Location
CoLab, OCB 100
Start Date
25-4-2024 1:30 PM
Document Type
Poster
Description
Antibiotic resistance is one of the problems we face in the fight against bacteria. Replication creates mutations in the cells over time, which creates resistant cells. The antibiotics kill all the sensitive cells, leaving behind the resistant cells, which take over the cell population. Over time, antibiotic-resistant organisms have evolved, and the medical field is running out of safe and effective antibiotics. In search of new antibiotic-producing bacteria, soil microbes have yielded majority of the antibiotics we use today. In. my new research, I collected a sample from Milton Roy's lawn on February 1. I did a serial dilution to create a number of countable bacteria colonies.
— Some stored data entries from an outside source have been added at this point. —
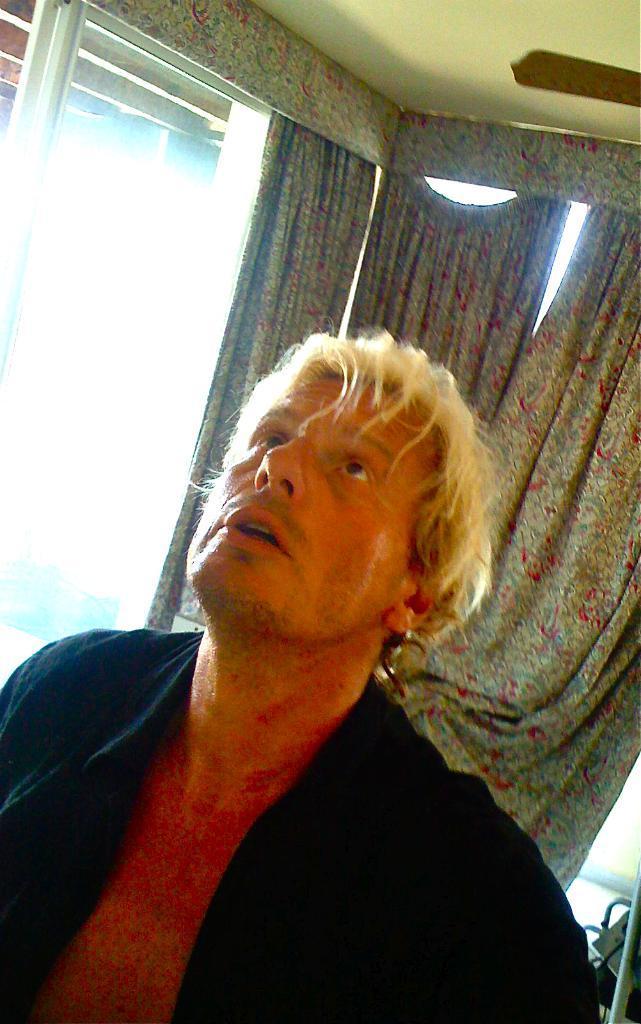How would you summarize this image in a sentence or two? In the picture I can see a person in the left corner is wearing black dress and there is a glass window and curtains in the background. 
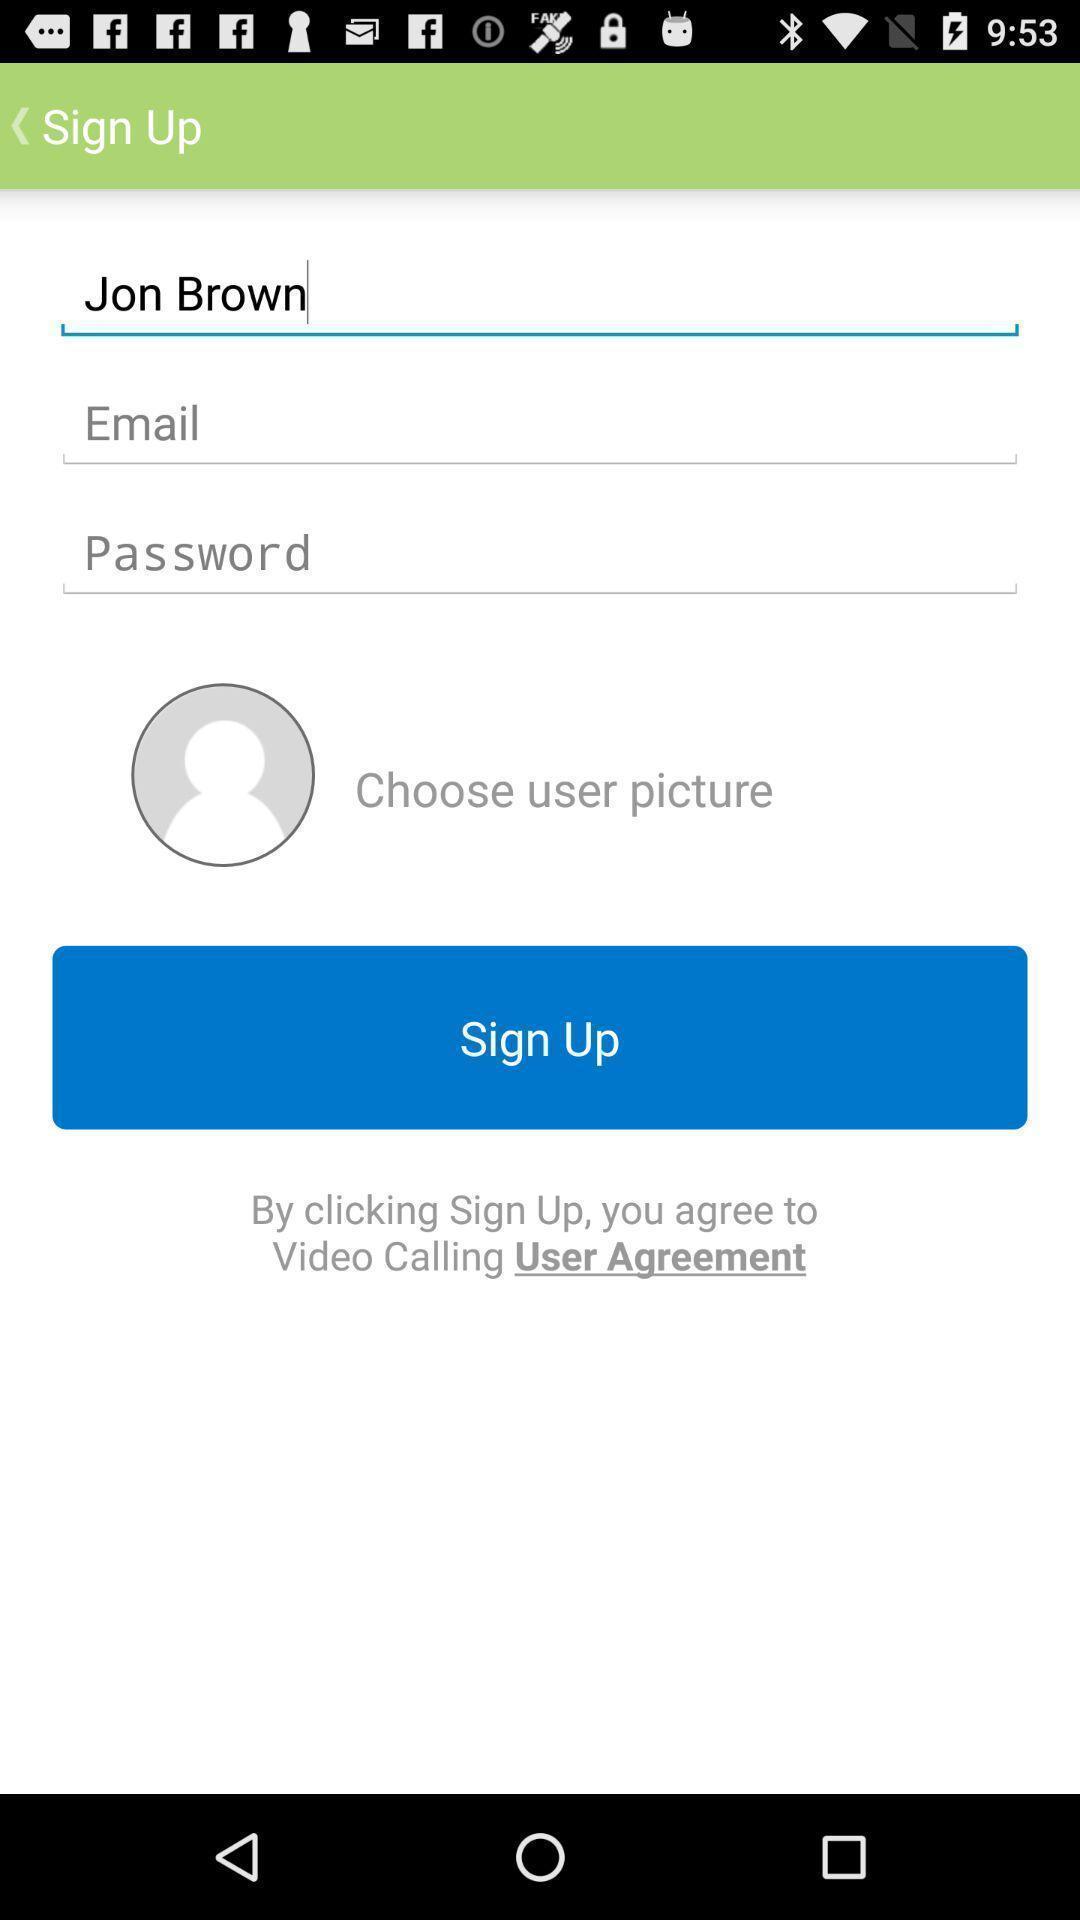Give me a narrative description of this picture. Signup page for a video calling application. 
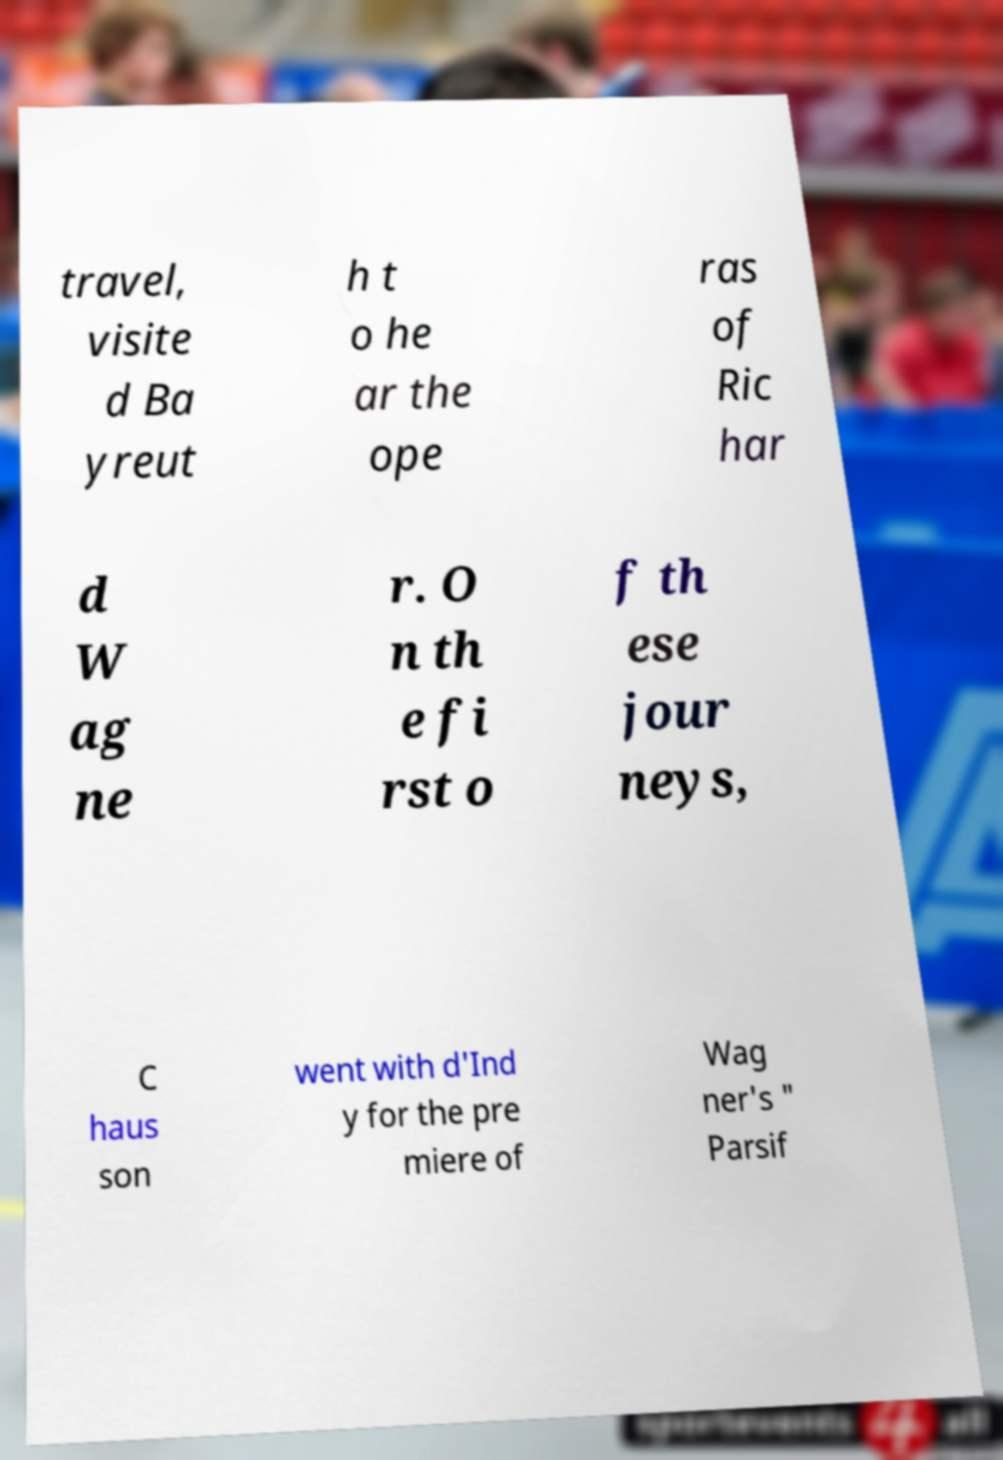Please identify and transcribe the text found in this image. travel, visite d Ba yreut h t o he ar the ope ras of Ric har d W ag ne r. O n th e fi rst o f th ese jour neys, C haus son went with d'Ind y for the pre miere of Wag ner's " Parsif 
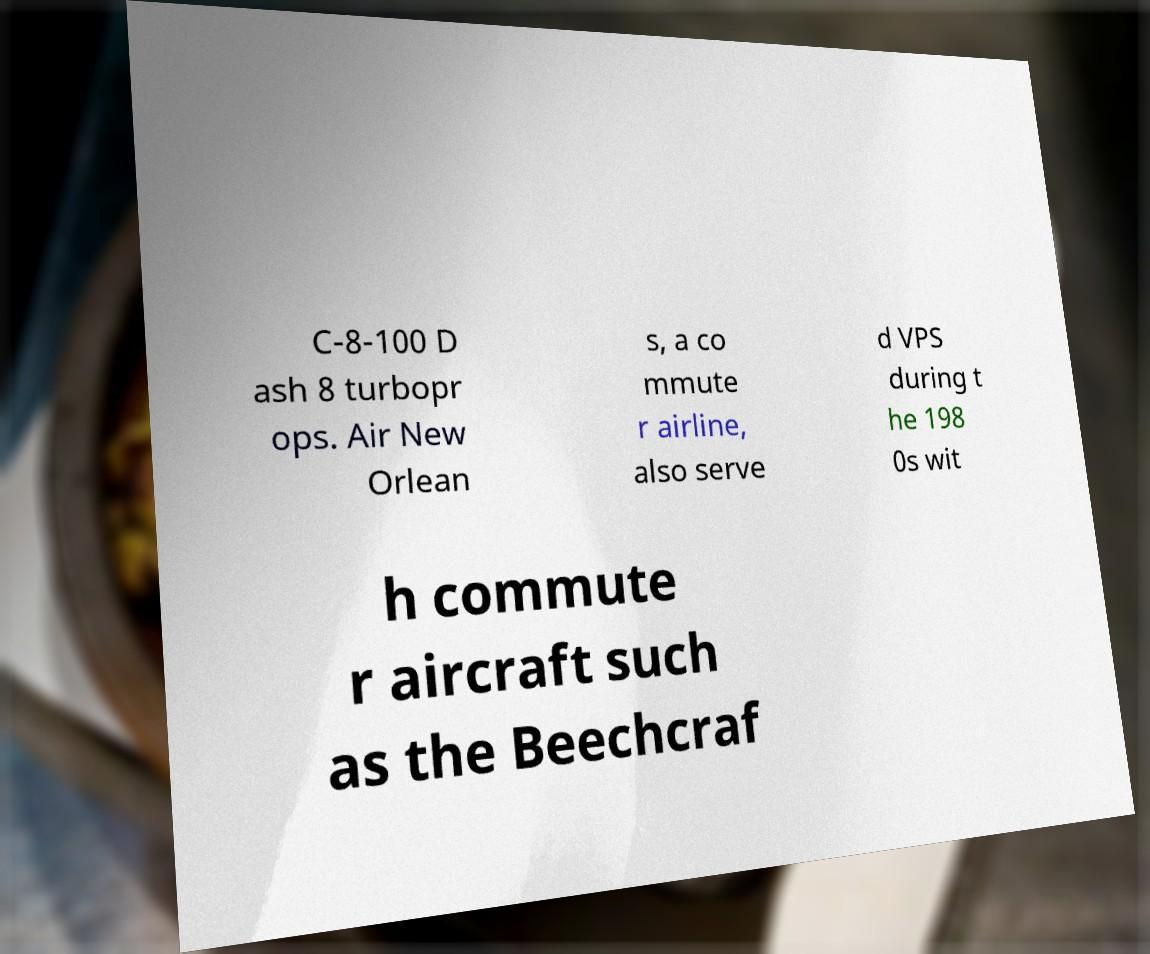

The plate with the dilution factor 10^-4 and 10^-3 created too numerous to count bacteria. Plate 10^-5 created 1.2*10^6 bacteria colonies per gram of soil. Out of the three plates, I had 12 potential candidates. I made a master plate for my potential candidates to separate them from the other bacteria colonies from the crowded plates. After growing the bacteria on my master plate, I screened them against all five escape-safe relatives. Candidate 4 showed inhibition against Pseudomonas pituda and Enterobacter aerogenes. I created a streak plate for candidate 4 to determine if it's pure and uncontaminated for PCR. I collected a sample of my pure bacteria for PCR, and I am yet to know the results. The next step will be to prepare my bacteria sample for DNA sequencing and visually inspect the cell's DNA on a chromatogram. Then perform a biochemical test to identify the bacteria.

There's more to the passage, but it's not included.